Task to complete:
Search the data for the string "lowest" and copy each line where it turns up.

Excerpted data:

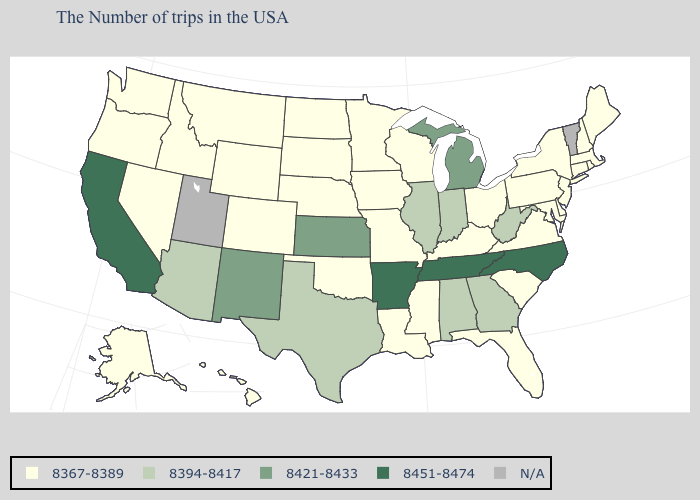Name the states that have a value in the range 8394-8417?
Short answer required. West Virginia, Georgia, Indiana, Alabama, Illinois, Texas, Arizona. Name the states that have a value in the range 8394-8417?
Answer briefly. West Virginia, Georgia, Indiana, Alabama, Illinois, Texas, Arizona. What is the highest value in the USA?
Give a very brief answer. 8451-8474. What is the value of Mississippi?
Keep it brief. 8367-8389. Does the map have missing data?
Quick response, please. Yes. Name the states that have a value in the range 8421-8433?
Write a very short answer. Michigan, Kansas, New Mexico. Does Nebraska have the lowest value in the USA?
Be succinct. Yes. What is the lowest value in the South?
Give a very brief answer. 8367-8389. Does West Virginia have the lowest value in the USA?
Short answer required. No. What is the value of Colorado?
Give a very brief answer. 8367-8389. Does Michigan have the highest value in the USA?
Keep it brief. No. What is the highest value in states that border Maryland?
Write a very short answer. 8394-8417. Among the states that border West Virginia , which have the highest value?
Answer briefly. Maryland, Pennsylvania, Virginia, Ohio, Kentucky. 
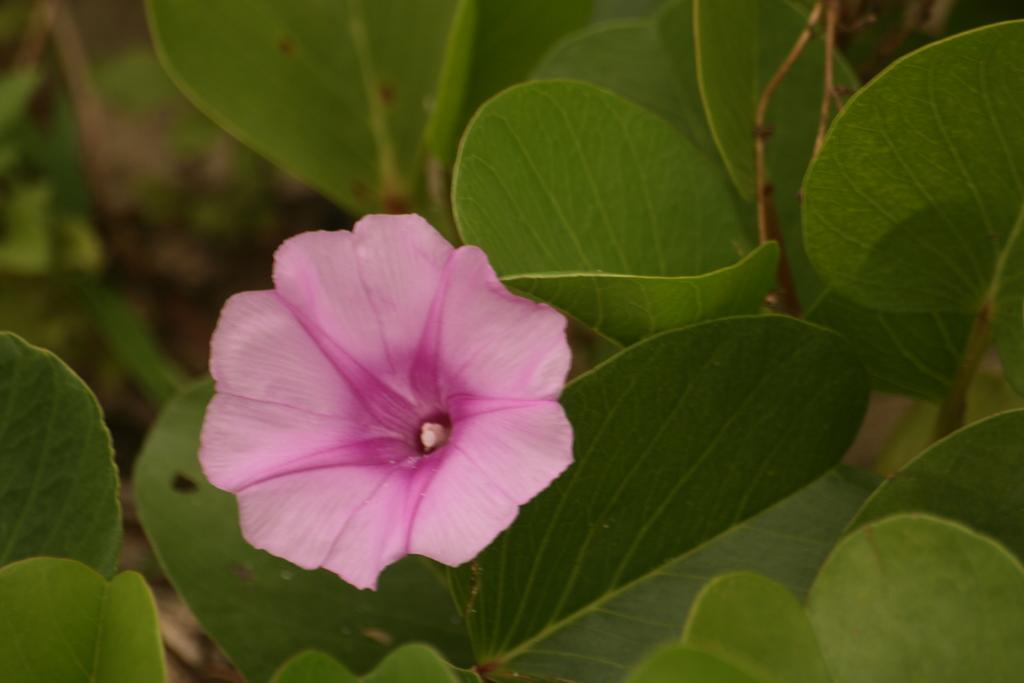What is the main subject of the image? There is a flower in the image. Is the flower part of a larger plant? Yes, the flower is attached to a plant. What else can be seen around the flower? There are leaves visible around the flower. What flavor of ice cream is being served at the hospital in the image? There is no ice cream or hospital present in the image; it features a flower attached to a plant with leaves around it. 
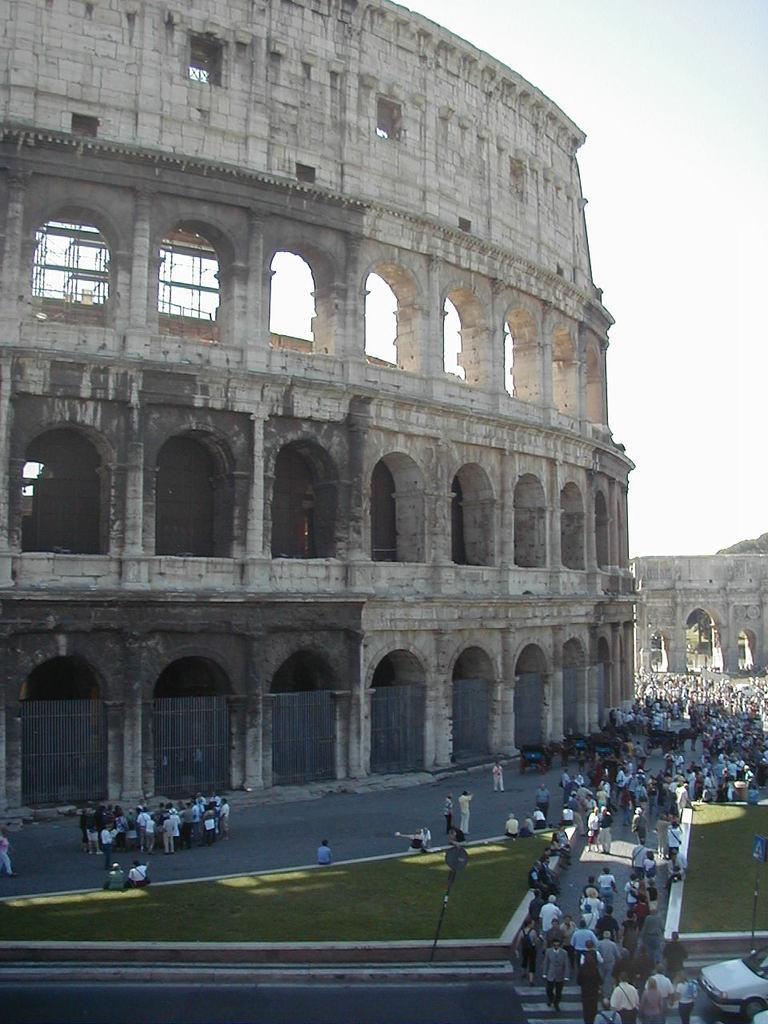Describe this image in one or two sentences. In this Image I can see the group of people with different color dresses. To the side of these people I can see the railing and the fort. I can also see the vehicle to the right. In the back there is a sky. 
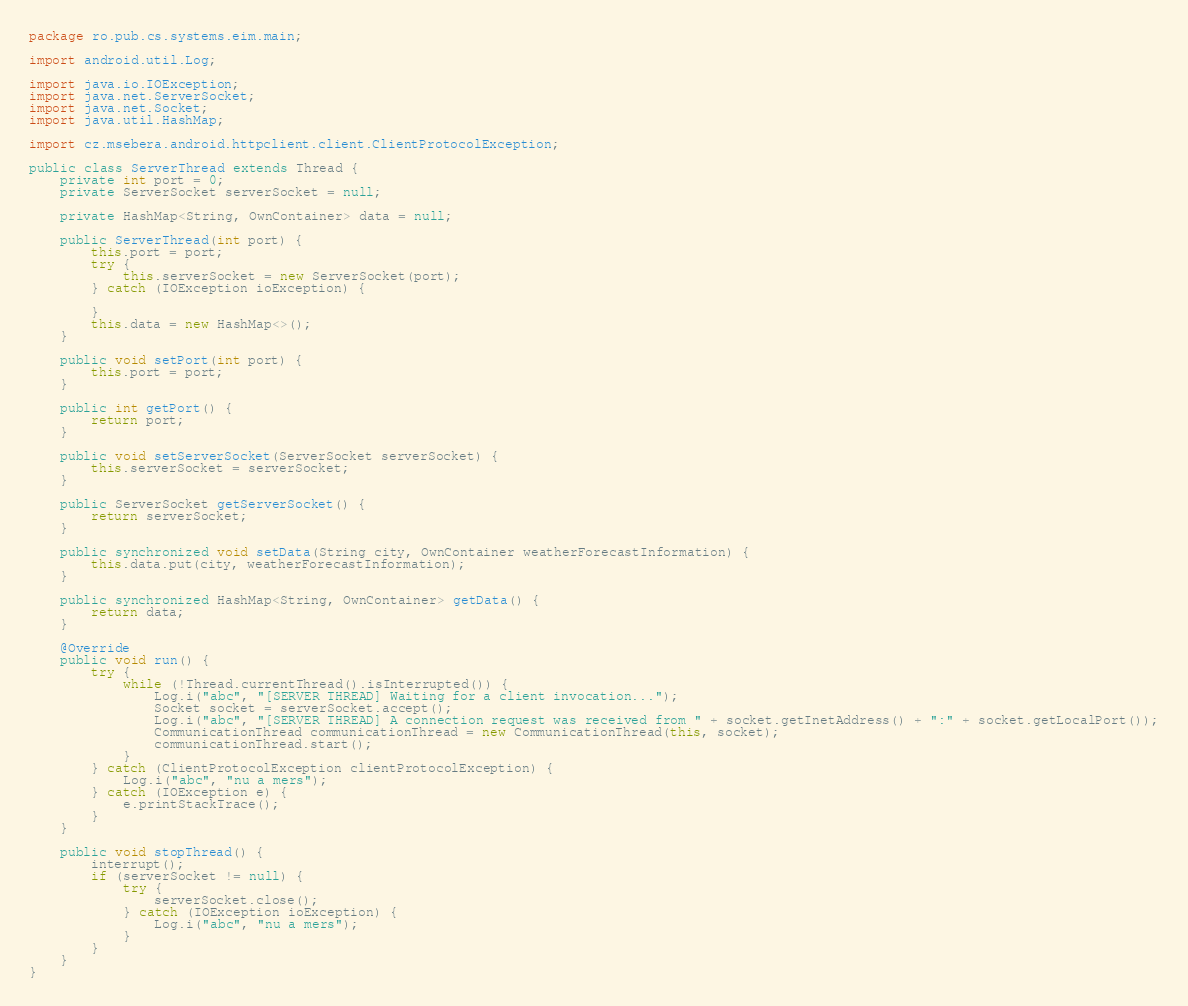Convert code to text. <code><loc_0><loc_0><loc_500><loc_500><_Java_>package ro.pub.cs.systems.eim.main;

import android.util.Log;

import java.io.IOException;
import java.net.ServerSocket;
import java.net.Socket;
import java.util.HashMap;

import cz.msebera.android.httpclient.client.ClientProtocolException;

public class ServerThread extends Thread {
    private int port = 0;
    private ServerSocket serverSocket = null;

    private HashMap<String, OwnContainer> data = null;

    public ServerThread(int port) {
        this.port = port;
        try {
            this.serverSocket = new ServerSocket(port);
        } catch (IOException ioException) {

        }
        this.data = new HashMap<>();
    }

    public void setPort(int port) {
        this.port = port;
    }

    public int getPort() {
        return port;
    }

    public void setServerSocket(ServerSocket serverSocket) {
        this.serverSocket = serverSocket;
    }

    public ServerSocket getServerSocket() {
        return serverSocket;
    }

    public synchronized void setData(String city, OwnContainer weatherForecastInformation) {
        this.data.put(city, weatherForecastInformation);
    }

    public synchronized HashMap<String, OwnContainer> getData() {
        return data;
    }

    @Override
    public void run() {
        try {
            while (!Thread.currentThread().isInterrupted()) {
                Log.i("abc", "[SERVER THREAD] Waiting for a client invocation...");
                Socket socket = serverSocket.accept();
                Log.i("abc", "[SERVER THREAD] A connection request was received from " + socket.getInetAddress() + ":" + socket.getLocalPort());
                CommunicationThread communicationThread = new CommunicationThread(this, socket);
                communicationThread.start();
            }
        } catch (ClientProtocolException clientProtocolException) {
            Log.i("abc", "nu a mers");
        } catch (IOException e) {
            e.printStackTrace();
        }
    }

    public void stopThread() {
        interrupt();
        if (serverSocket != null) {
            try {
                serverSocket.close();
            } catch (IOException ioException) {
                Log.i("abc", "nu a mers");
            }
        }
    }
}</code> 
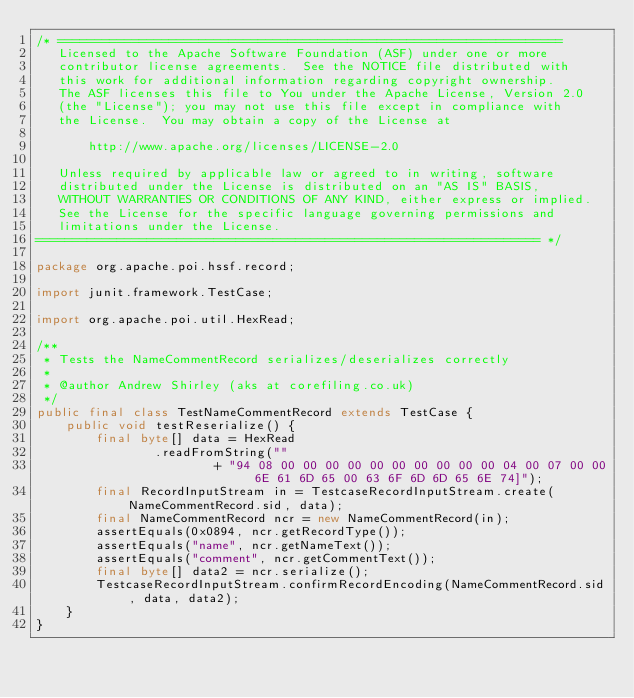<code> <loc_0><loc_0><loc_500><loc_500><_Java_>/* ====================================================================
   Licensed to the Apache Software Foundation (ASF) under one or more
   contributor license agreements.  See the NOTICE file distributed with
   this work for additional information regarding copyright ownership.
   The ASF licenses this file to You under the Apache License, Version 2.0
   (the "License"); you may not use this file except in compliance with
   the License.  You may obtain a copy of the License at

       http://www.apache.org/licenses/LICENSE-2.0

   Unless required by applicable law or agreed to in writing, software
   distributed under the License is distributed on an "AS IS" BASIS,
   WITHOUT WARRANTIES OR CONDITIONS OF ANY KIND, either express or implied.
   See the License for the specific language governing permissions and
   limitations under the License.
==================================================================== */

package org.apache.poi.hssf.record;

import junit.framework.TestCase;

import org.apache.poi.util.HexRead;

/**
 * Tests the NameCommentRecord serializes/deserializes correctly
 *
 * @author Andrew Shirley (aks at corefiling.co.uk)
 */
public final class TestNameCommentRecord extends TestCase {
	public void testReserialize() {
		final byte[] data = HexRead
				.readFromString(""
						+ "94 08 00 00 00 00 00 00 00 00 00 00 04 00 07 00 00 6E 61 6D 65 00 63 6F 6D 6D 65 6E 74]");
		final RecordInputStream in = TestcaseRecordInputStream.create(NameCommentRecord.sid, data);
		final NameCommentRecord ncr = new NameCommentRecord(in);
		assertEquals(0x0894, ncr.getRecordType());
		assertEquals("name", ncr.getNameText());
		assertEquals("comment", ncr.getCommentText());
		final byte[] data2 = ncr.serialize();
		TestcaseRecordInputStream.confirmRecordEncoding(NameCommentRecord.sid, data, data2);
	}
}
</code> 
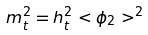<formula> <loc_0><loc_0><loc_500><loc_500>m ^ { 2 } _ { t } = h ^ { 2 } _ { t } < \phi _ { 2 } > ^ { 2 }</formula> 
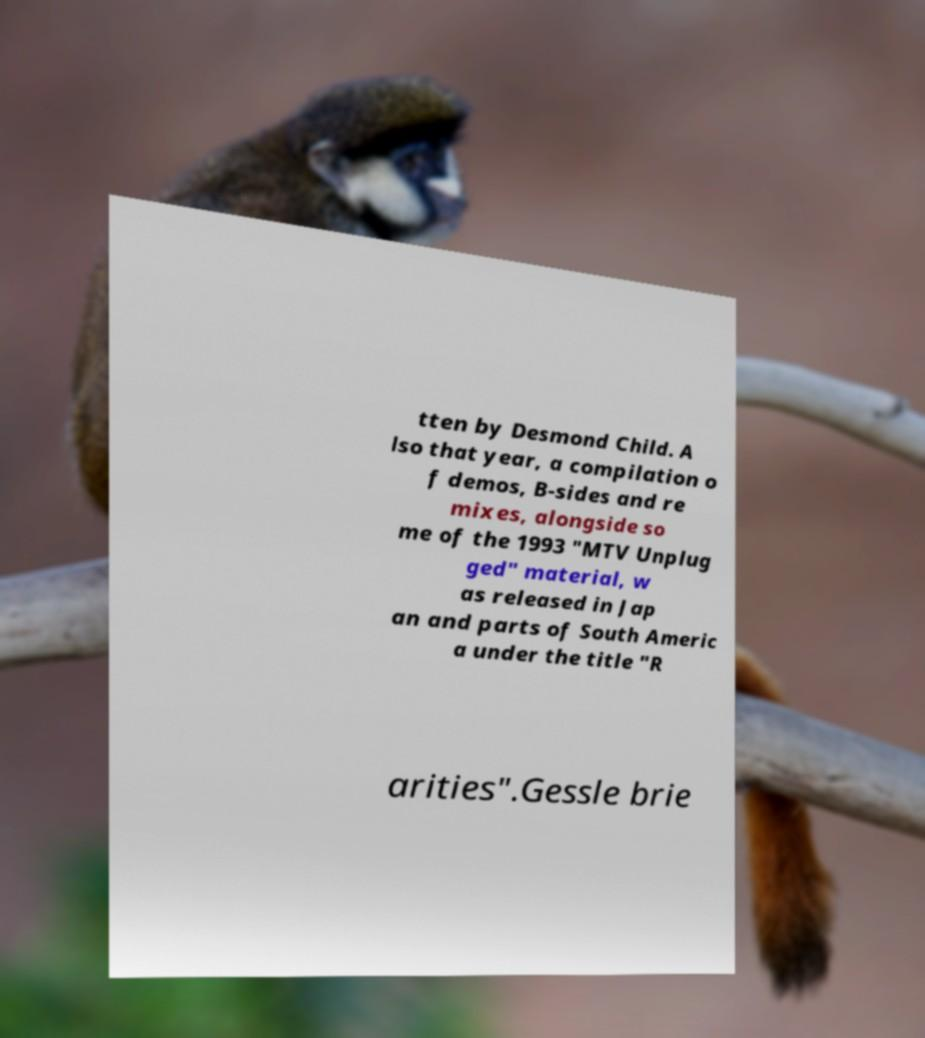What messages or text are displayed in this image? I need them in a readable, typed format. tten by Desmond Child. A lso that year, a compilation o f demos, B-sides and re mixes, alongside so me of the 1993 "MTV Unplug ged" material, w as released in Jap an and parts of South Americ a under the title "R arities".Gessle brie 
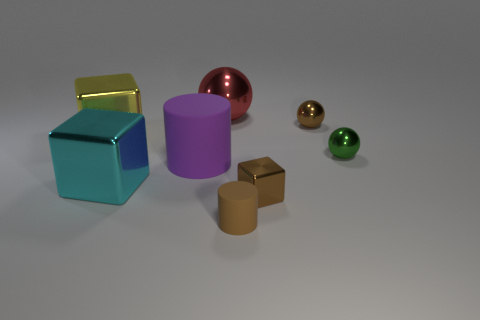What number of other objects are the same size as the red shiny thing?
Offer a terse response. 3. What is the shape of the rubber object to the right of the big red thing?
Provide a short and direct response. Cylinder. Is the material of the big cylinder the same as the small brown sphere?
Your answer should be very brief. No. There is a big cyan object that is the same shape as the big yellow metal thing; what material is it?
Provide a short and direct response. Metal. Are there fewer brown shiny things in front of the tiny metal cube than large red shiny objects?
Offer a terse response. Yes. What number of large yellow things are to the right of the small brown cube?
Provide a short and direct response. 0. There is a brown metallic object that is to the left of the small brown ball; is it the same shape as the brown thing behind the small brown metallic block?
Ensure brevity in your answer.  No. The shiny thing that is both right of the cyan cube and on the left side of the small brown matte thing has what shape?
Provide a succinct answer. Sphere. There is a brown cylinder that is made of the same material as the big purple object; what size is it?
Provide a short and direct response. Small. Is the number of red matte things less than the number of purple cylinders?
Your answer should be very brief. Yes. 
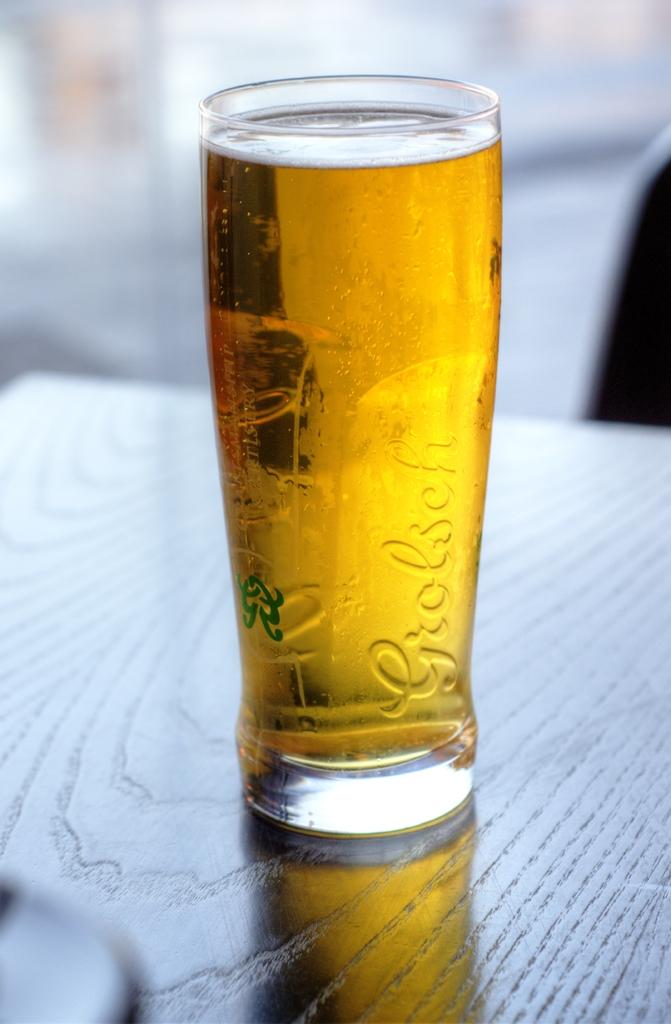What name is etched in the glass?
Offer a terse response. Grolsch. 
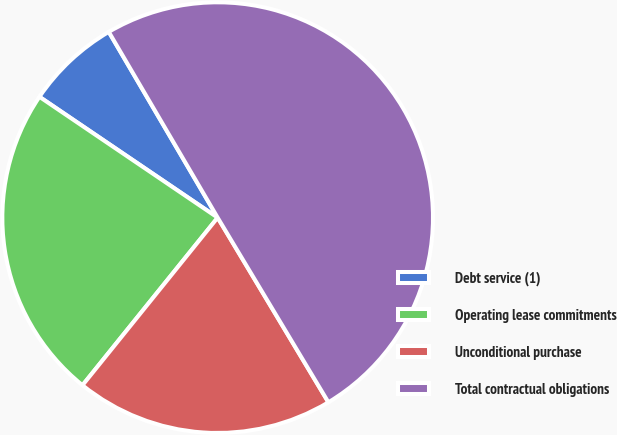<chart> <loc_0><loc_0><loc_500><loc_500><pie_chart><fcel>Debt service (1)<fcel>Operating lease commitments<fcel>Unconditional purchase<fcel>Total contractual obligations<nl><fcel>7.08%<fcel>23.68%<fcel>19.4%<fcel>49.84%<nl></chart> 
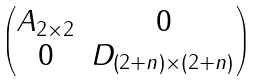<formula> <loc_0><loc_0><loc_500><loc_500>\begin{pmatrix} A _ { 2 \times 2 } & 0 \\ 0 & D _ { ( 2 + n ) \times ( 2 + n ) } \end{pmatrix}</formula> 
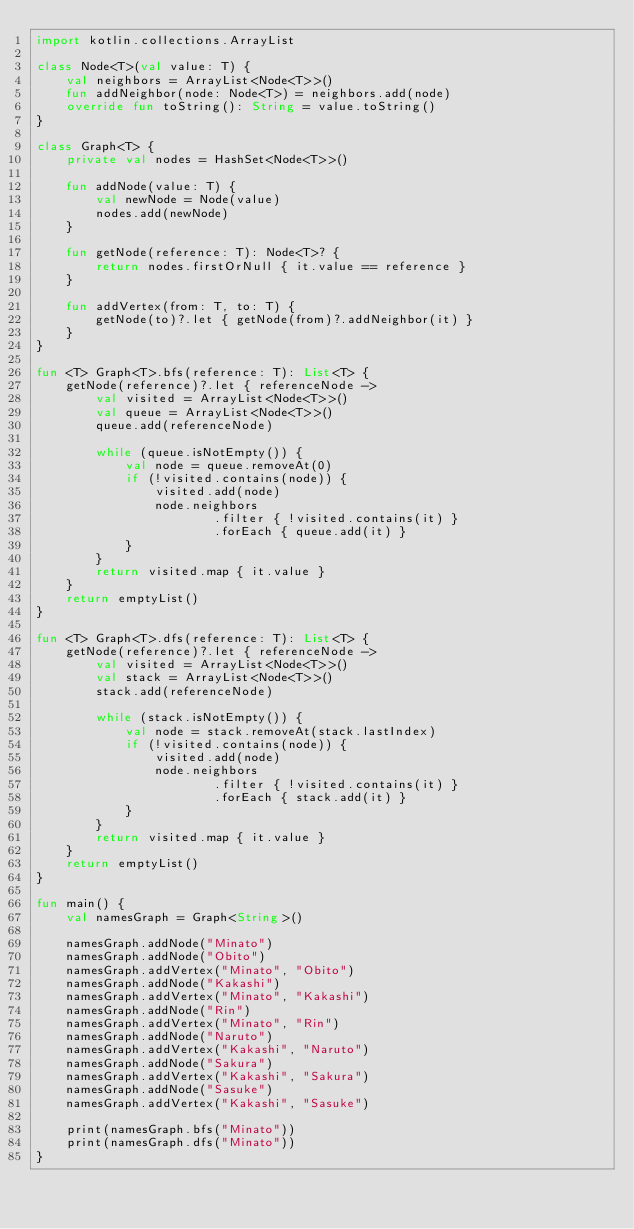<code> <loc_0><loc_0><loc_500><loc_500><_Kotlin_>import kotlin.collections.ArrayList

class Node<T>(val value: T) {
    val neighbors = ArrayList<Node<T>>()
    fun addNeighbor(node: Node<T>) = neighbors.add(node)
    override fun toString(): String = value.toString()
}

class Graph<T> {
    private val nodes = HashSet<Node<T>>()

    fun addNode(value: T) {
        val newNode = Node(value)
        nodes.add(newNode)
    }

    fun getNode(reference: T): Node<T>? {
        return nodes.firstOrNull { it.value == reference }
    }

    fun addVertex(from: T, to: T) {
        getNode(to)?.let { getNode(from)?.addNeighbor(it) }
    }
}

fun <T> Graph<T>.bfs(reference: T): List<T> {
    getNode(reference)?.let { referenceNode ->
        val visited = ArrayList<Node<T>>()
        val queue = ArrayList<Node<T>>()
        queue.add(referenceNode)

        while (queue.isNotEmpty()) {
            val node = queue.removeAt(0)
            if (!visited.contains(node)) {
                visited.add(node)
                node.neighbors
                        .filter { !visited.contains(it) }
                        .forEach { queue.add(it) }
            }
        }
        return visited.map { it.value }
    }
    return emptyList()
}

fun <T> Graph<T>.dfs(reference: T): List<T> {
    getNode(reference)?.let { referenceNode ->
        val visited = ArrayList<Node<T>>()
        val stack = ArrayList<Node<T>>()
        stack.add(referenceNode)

Answer below:
Write a very short answer. Michigan, Kansas, New Mexico. Does Nebraska have the lowest value in the USA?
Be succinct. Yes. What is the lowest value in the South?
Give a very brief answer. 8367-8389. Does West Virginia have the lowest value in the USA?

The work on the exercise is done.